GNU/Linux on the Compaq Presario 1702EA
|Processor||Intel Celeron 800MHz, mobile|
|Memory||128MB (I put another 128MB in the second bank, too)|
|Video||ATI Mobility M1 (=rage pro) on a 14.1" TFT||Works perfectly.|
atitvout sets PAL output for us europeans.
|Sound||ESS Allegro (=maestro3?)||Works perfectly|
|Network Adapter||Conexant NIC(?)||Works perfectly|
|Built-in modem||Compaq Global 56k||Untested|
|8x DVD||Mounting CD-ROMs works, otherwise untested.|
|Touchpad||Synaptics Touchpad V5.5||Scrollbuttons untested, otherwise works perfectly|
|Power Management||ACPI||Detected but untested.
1. Installing Slackware 8.0
NOTE! The D: partition contains important restore-data for windows!
This notebook came with WinME pre-installed on a 7.5GB partition, followed by a 2GB partition containing installation and recovery files for WinME.
I wanted to keep windows on it, so I wanted to use a friendly way of getting enough free space to install Linux. Partition Magic Pro 6.0 didn't like the latter partition at all, it complained about it being larger than possible.. probably some trick from Compaq's side to keep people from wrecking that partition. With partition magic out of the game, I decided to boot with a Mandrake 7.1 CD-ROM. Mandrake's installationprogram has got a resizing tool, which I used to make the primary windows partition ~4.8GB. After that, I added a 2.5GB ext2 partition, and a 200MB swap partition. Since Mandrake isn't really my cup of tea I stopped the installation at that phase and booted up with a Slackware 8.0 CD-ROM.
The Slackware 8.0 installation went smoothly, I set up the target and swap partitions and installed the software I wanted.
Update: Febuary 18, 2002:
The already corrupted partitiontable got wrecked after just a week of usage, all my partitions except the first one containing WinME and my Linux Swap partition became unavailable. Windows fdisk claimed that I had but two windows partitions a'la 5gb each. Bummer, I lost my WinME-rescue partition. I made a new partition table and resized slackware. Everything is running fine again.
Update: April 5, 2003:
Out went Slackware, in went Gentoo 1.4. I installed from a stage-1 liveCD, installation went smooth. It automatically loaded modules for the network
adapter. After about two days of downloading and compiling, Gentoo is lightning-fast.
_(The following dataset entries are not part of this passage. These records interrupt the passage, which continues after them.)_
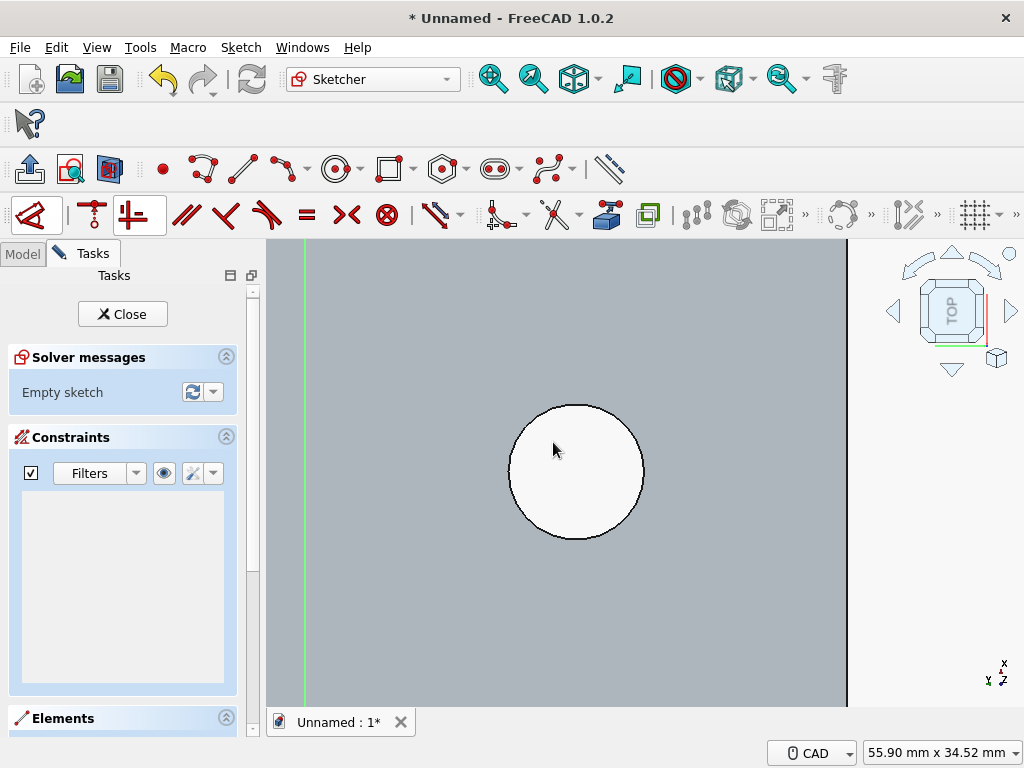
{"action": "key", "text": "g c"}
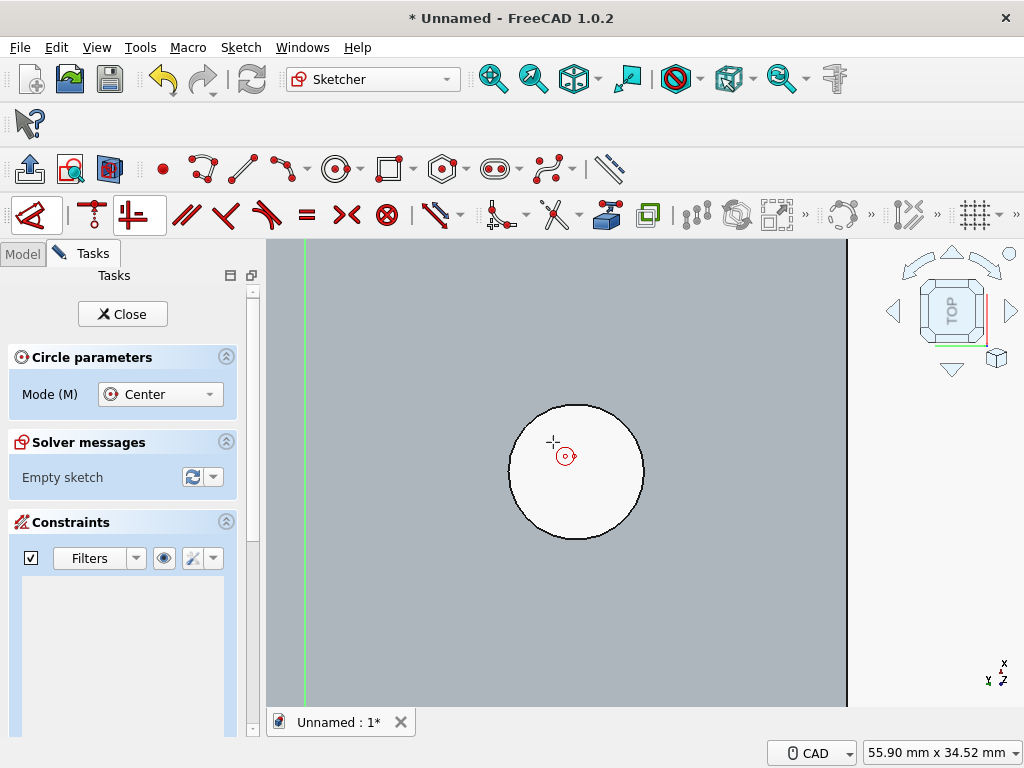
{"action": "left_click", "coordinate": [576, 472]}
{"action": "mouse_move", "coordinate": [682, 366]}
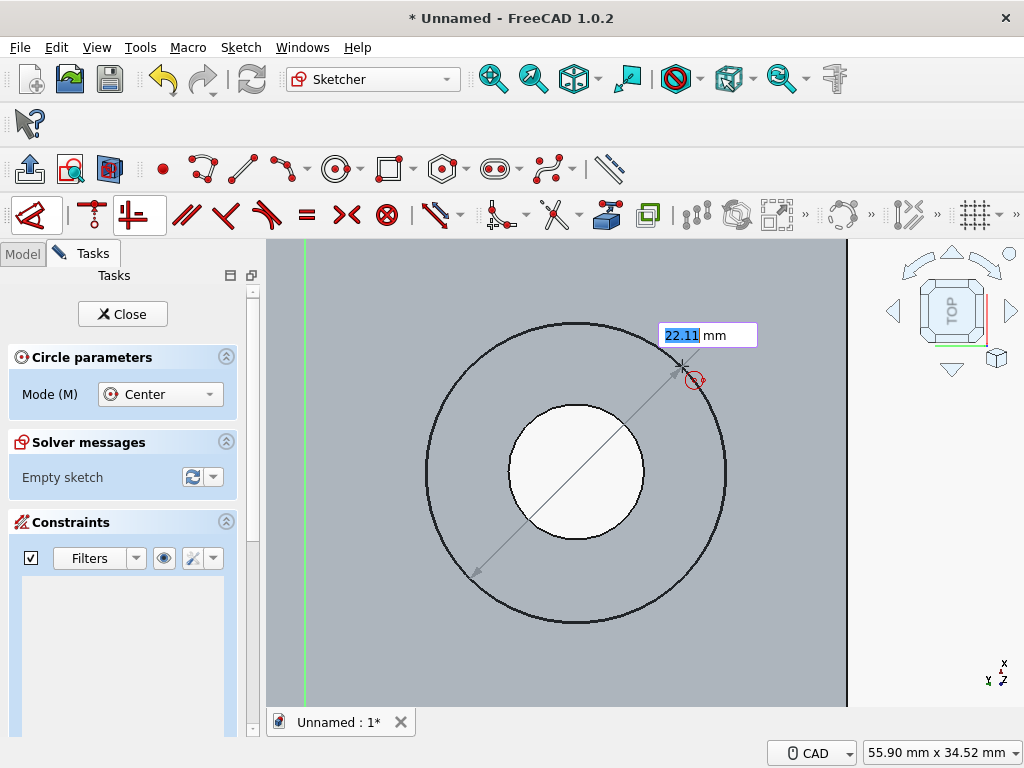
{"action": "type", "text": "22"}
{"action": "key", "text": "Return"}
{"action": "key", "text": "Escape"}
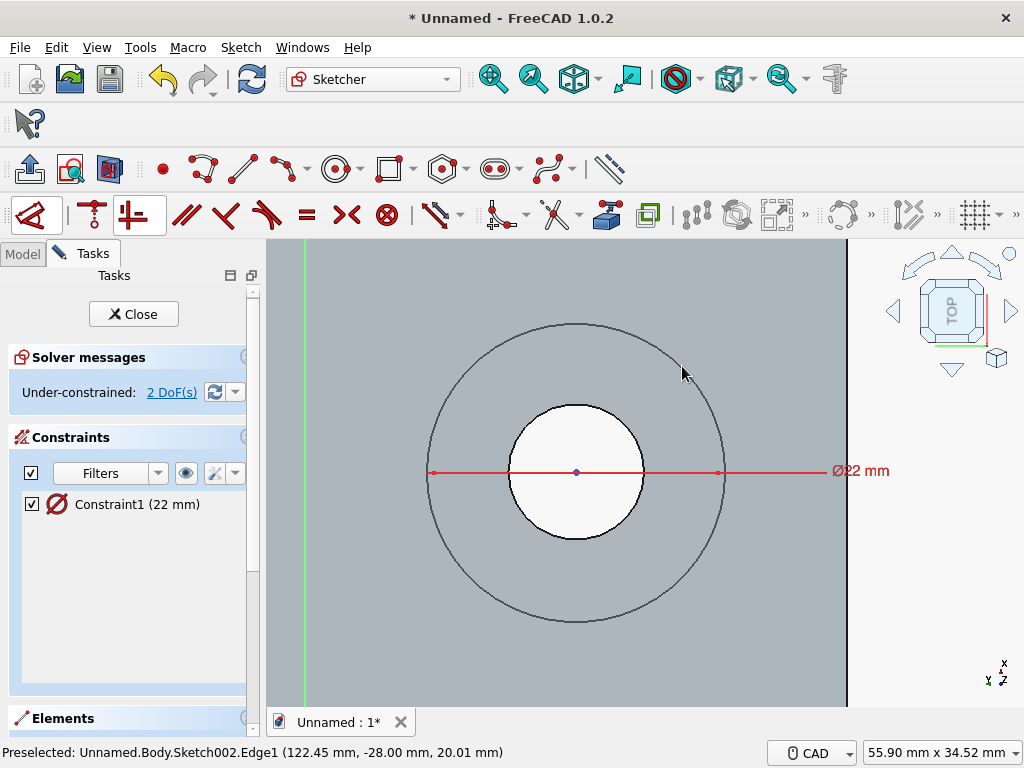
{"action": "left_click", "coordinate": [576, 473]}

2. Setting up the hardware
I first gave a try with the 2.4.17, I compiled in support for ESS Maestro 3 (worked fine) and for ACPI. When booting with ACPI I got a message about the processor lying in idle-mode, and that if performance is slow I should try to give the parameter "ACPI=no-idle". It certainly was slowish, and adding the parameter fixed that.
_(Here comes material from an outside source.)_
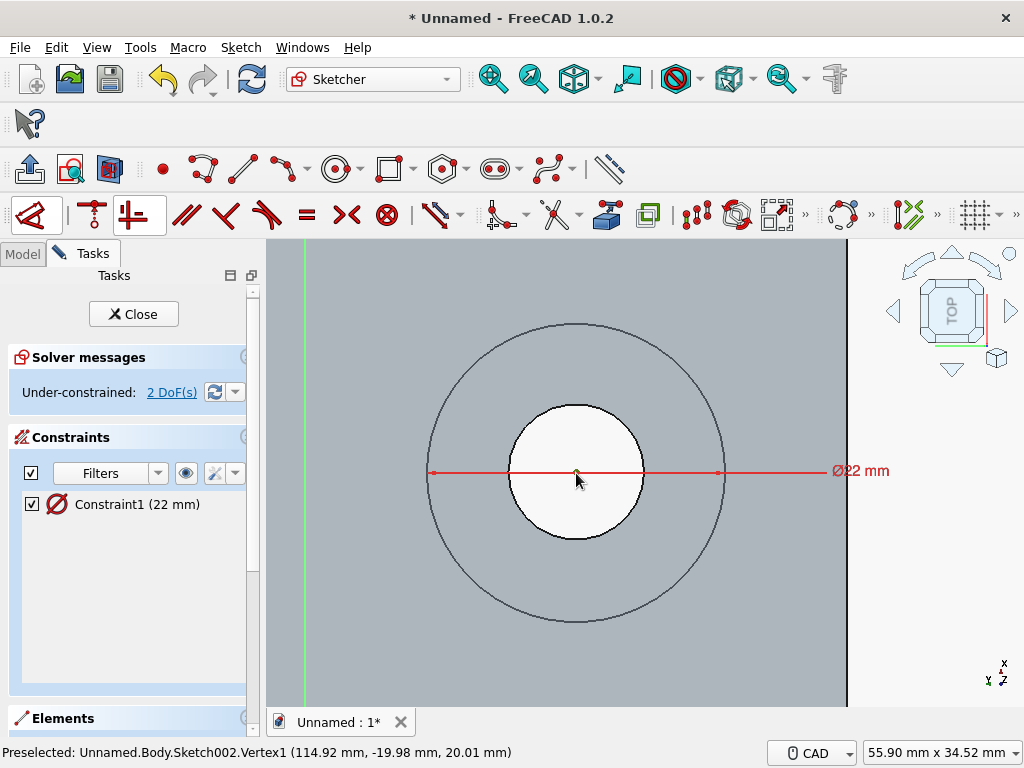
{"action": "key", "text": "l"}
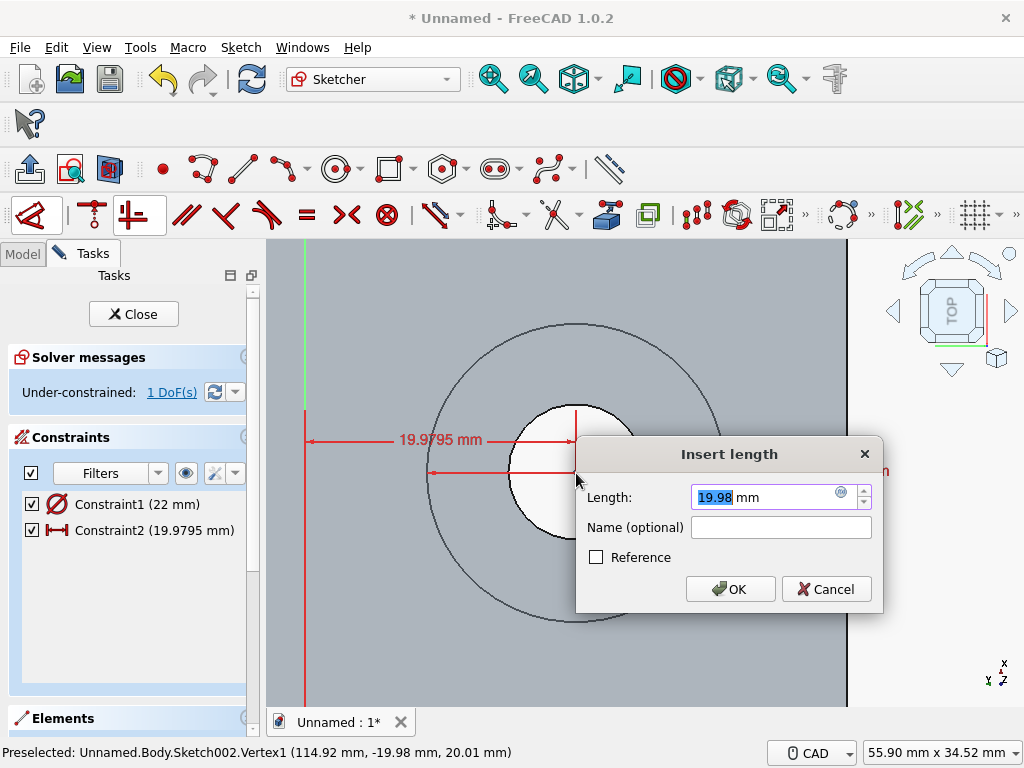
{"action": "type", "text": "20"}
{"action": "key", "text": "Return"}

I really didn't have a clue what network adapter this one had integrated, but I eventually gave the tulip drivers a try. I didn't get these working with kernel 2.4.17, but they worked ok with 2.2.20 and detects as a Conexant NIC. Gregor Rojec-Goldmanns page about installation on the 1700-XL 470 explains how to get the tulip drivers working.
Update: Febuary 18, 2002:
Seems like the newer 2.4.x-kernels support the integrated networks adapter through the tulip-driver. Works great.
2.1 Setting up XFree86
I ran xf86config, chose my monitor to be a 1024x768 @ 60Hz and put a 50-90 refreshrate.. I don't know if this is very healthy, but atleast it seems to work. As for the chipset I chose "ATI Mach64 CT (264CT)", with 8192kB of videoram. And I put 1024x768 @16bpp as my default resolution. I love TFT :)
Update: June 24, 2002:
Lately I've felt like the 10GB drive is a bit insufficient, I have a 40GB drive in my personal firewall and fileserver - but when I'm not connected to my home network I'm a bit short on data. Today I decided to find out what possibilities I had to upgrade the harddrive in my Presario 1702EA - I figured the harddrive should be behind the slot on the left side of the notebook, right next to the PCMCIA-slot. This is what I found;
Picture 1 - the laptop and the harddrive.
Picture 2 - the harddrive from above.
Picture 3 - the harddrive, halfway inserted into the laptop.
It looks like just a regular 2.5" harddrive in a sled, upgrading should be no problem.
This page is not affiliated with Compaq in anyway, this is a description of my experiences with Linux on one of their notebooks. I am not to be held responsible in any way for any damage following these instructions might do to your notebook.